__Exercise brief__.
Copy exactly, no pictures: every line from the one that contains "Deliverable: one 3D cuboid per listed object" through the end of the entries below.

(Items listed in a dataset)
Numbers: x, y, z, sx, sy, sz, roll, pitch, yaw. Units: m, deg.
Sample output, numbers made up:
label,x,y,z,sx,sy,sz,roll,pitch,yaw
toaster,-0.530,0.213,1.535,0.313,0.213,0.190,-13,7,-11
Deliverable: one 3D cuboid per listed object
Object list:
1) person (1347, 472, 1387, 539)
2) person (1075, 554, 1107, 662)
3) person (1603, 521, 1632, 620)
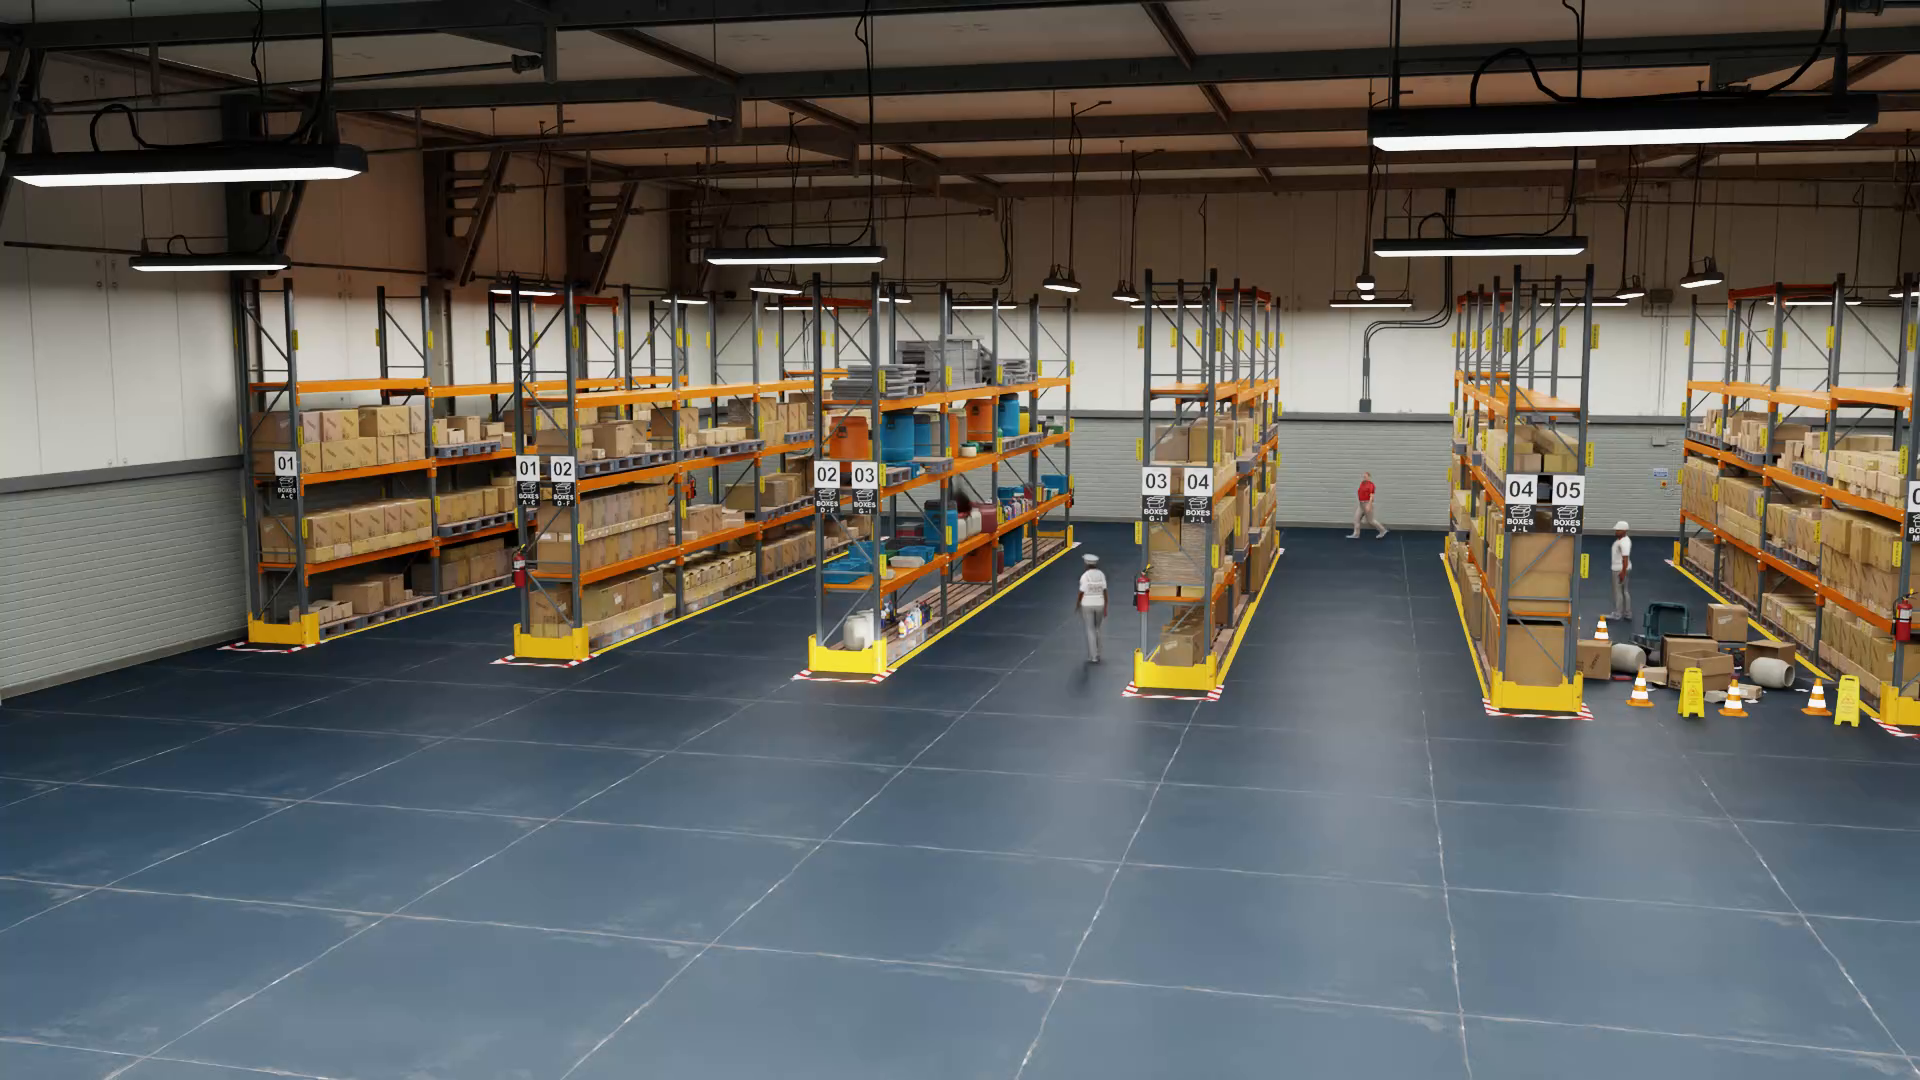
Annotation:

__Task result__.
Deliverable: one 3D cuboid per listed object
Object list:
1) person (1347, 472, 1387, 539)
2) person (1075, 554, 1107, 662)
3) person (1603, 521, 1632, 620)
Annotation:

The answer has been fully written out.